Data integration in large enterprises is a crucial but at the same time costly, long lasting and challenging problem. While business-critical information is often already gathered in integrated information systems such as enterprise resource planning (ERP), customer relationship management (CRM) and supply chain management (SCM) systems, the integration of these systems itself as well as the integration with the abundance of other information sources is still a major challenge. In the last decade, the prevalent data integration approaches were primarily based on the Extensible Markup Language (XML), Web Services and Service Oriented Architectures (SOA) [6]. However, we become increasingly aware that these technologies are not sufficient to ultimately solve the data integration challenge in large enterprises. We argue that classic SOA architectures are well-suited for transaction processing, but more efficient technologies are available that can be deployed for solving the data integration challenge. With the use of the Linked Data paradigm for integrating enterprise information, data intranets can complement the intranets and SOA landscapes currently found in large enterprises.

In this paper, we explore the challenges large enterprises are still facing with regard to data integration. These include, but are not limited to, the development, management and interlinking of enterprise taxonomies, domain databases, wikis and other enterprise information sources. We discuss Linked Data approaches in these areas and present some examples of successful applications of the Linked Data principles in that context.

Data Integration Challenges in the Enterprise

We identified crucial areas where data integration challenges arise in large enterprises. In the following section we investigate those challenges, each by considering the current situation first. We then examine the benefits of employing Linked Data technologies in order to tackle the respective challenge. Finally, we describe the challenges that need to be addressed to make the transition from the current state of the art to the Linked Data approach feasible. 2.1

Enterprise Taxonomies

Nowadays, almost every large enterprise uses taxonomies to provide a shared linguistic model. It is widely agreed that taxonomies are usable, however, there are multiple challenges that must be addressed in order for taxonomies to work correctly [5]. A problem that arises is that different metadata creators use different terminologies and therefore the same object may receive different metadata descriptions by different people [4]. Another challenge is that large taxonomies require certain time for the users to get their bearings so that they can start to use the taxonomies correctly and avoid creating duplicities and other errors. In [15], the author discusses whether taxonomies are really necessary and stresses the importance of establishing relations to documents via URLs, which indicates already a clear shift towards the Linked Data vision.

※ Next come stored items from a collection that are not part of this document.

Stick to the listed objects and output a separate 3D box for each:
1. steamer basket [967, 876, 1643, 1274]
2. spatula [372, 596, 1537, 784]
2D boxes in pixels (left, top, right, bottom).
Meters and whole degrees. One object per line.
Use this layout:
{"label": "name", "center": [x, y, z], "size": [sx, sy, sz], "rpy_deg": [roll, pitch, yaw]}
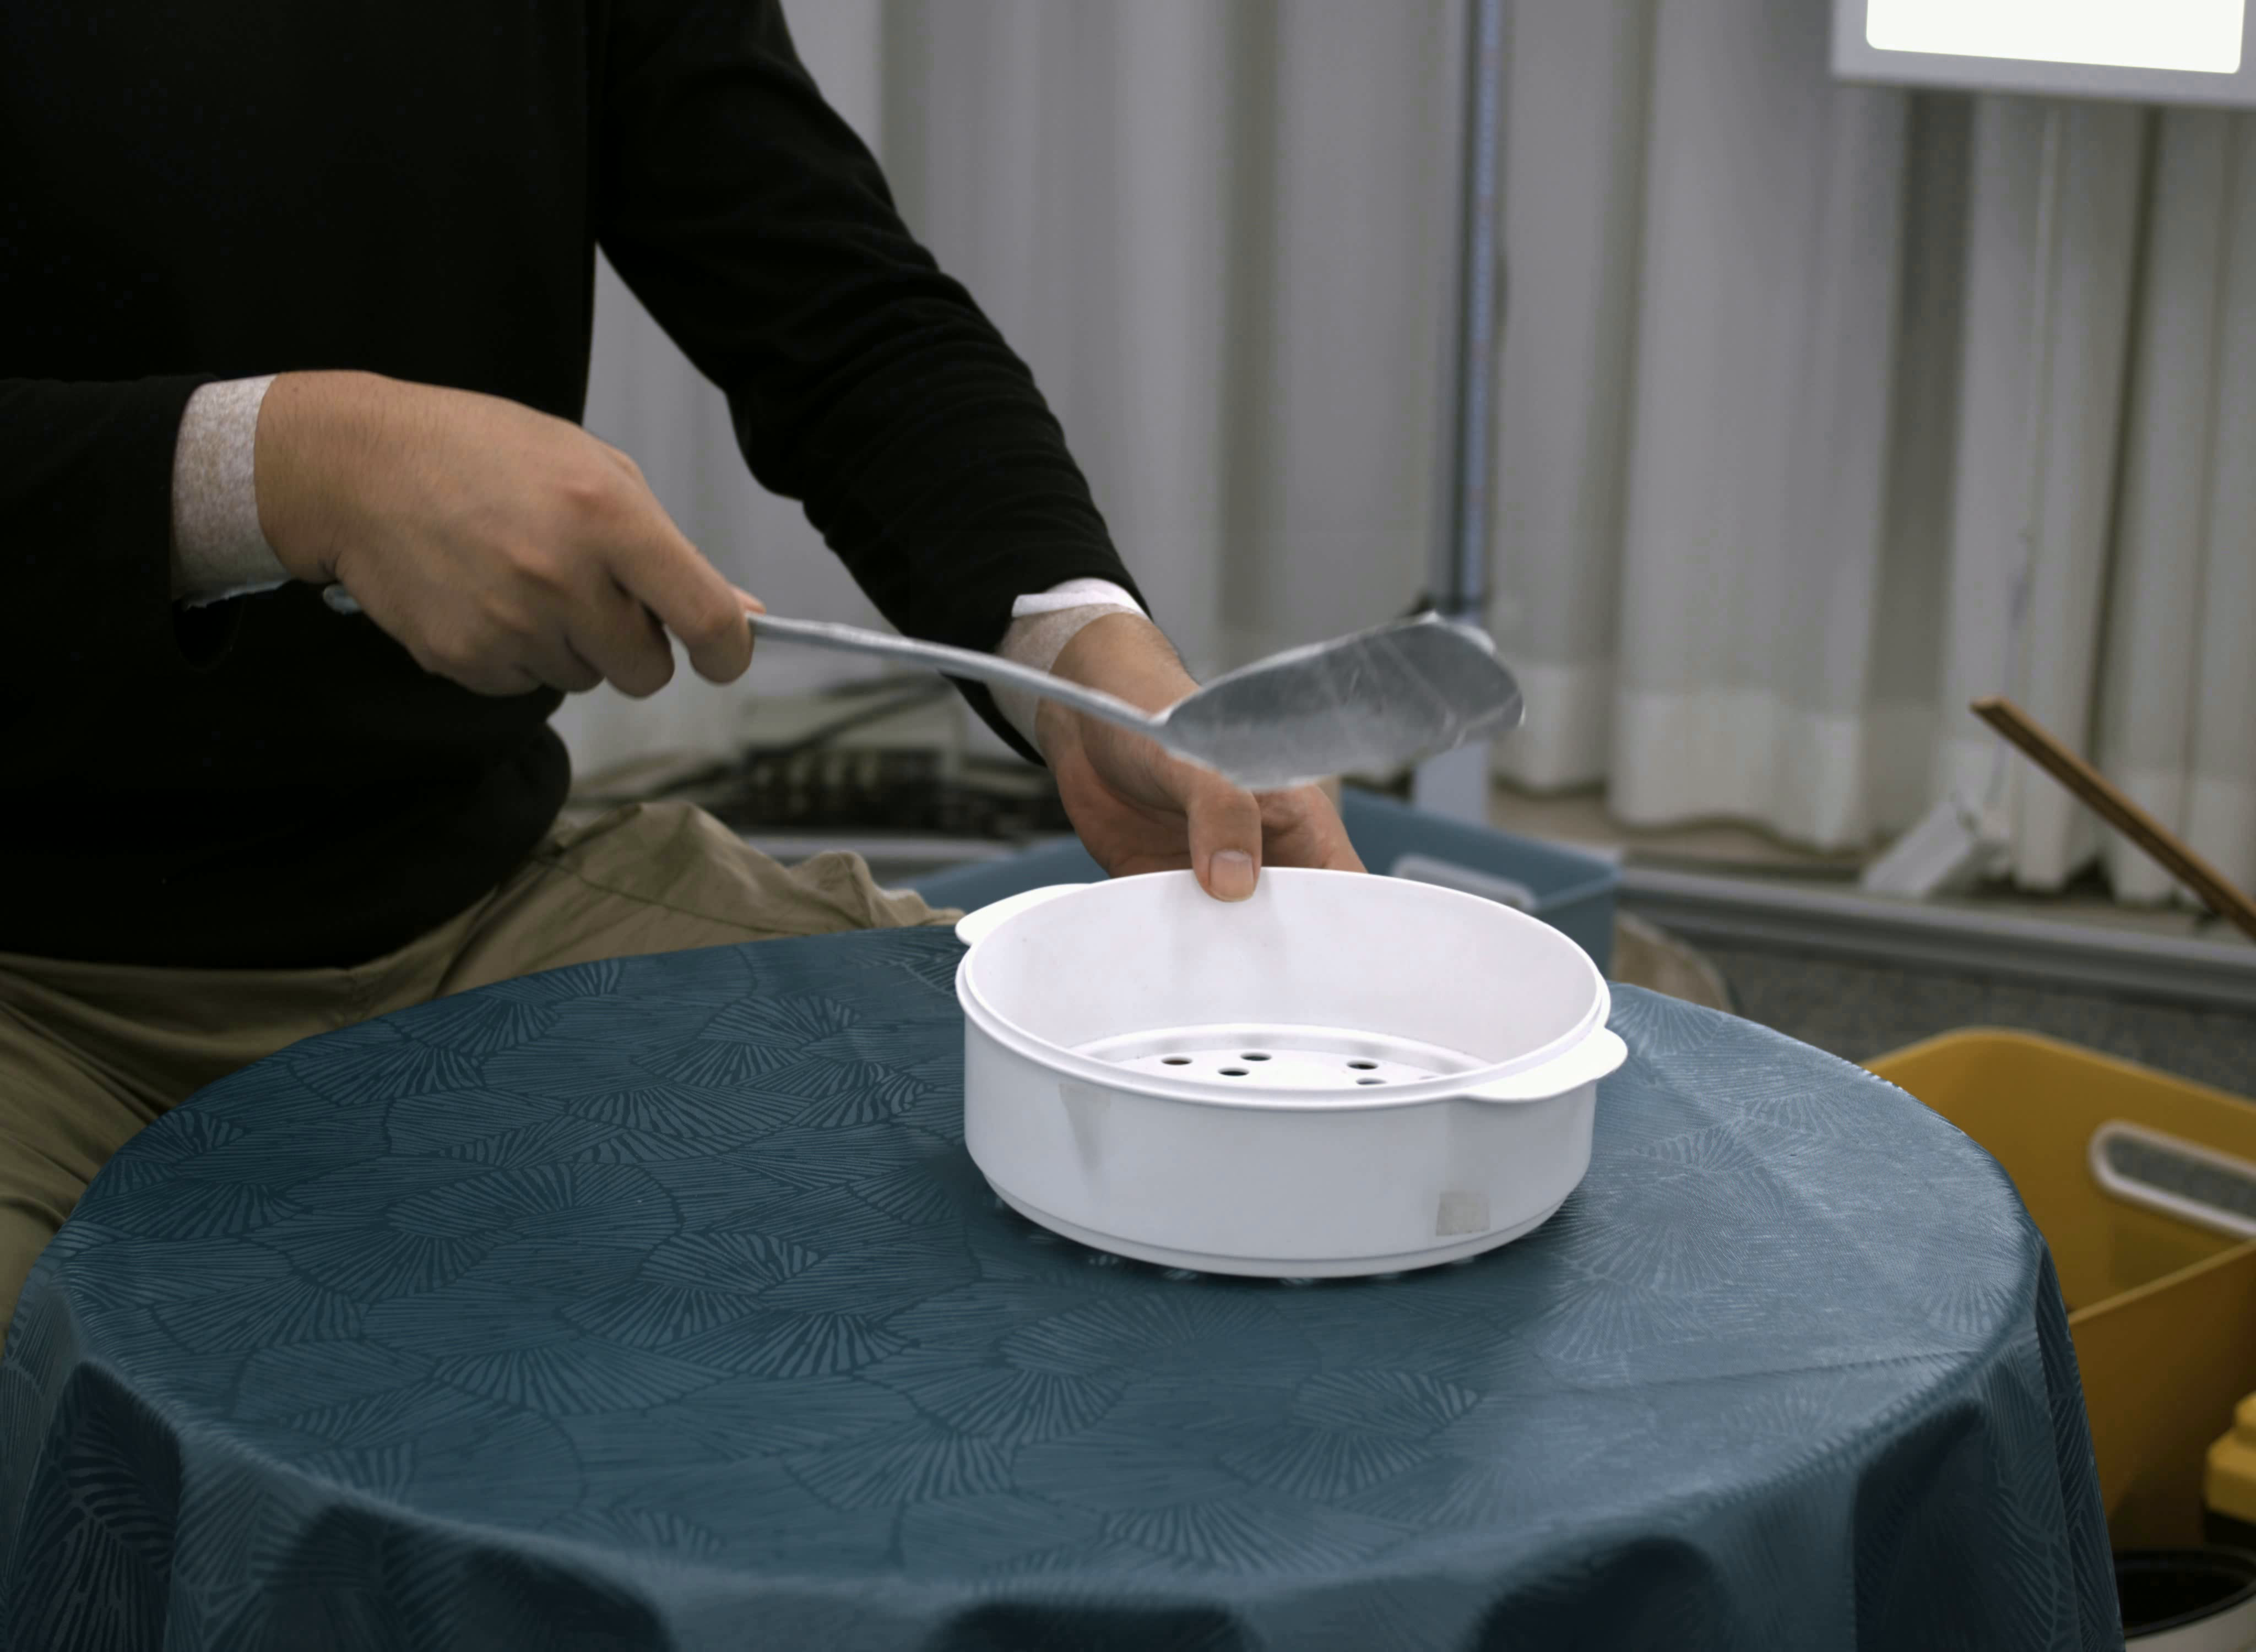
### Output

If we take a look at commercial implementations, there is Microsoft SharePoint’s3 Term Store (also referred to as Managed Metadata), which enables enterprises using SharePoint to tag objects stored in SharePoint with terms from a taxonomy. However, there are some strong limitations to this approach. There is very restricted multilingual support – separate SharePoint language packs need to be installed for each language to be used in the taxonomy. Also, the implementation is proprietary, thus hindering the integration with taxonomies or data outside of SharePoint.

Linked Data Approach We propose to represent enterprise taxonomies in RDF employing the standardized and widely used SKOS [12] vocabulary as well as publishing term definitions via the Linked Data principles. This approach entails the following main benefits: ( 1 ) Since terms are attached to URIs, which can be dereferenced using HTTP, term definitions can be obtained without the need for additional software (a browser is sufficient). ( 2 ) For the same reason, term creation and management can be realized in a distributed scenario, where, for example, certain departments are responsible for different parts of the taxonomy. Terms can then be interlinked and re-used regardless of department boundaries. ( 3 ) By employing the SKOS vocabulary, terms can have a hierarchical order and thus the problem of different metadata granularity can be easily solved. ( 4 ) Also, since data is represented using RDF, which works with arbitrary vocabularies and properties, overlapping, coinciding or conflicting term definitions (e.g. by different departments) can be interlinked by explicitly stating the relationship between terms via links. (5) Terms can be assigned multiple labels, which are represented as RDF literals. As such they can be furnished with a language tag resulting in 3 http://sharepoint.microsoft.com/ multilingual taxonomies with very little additional effort. (6) Ultimately the result of employing the Linked Data approach for enterprise taxonomies is, that terms can be easily re-used in other scenarios as the originally intended ones. For example, a detailed term definition (with alternative labels in multiple languages) can be very useful for search applications, where terms are associated with documents which then become reachable via a variety of keywords.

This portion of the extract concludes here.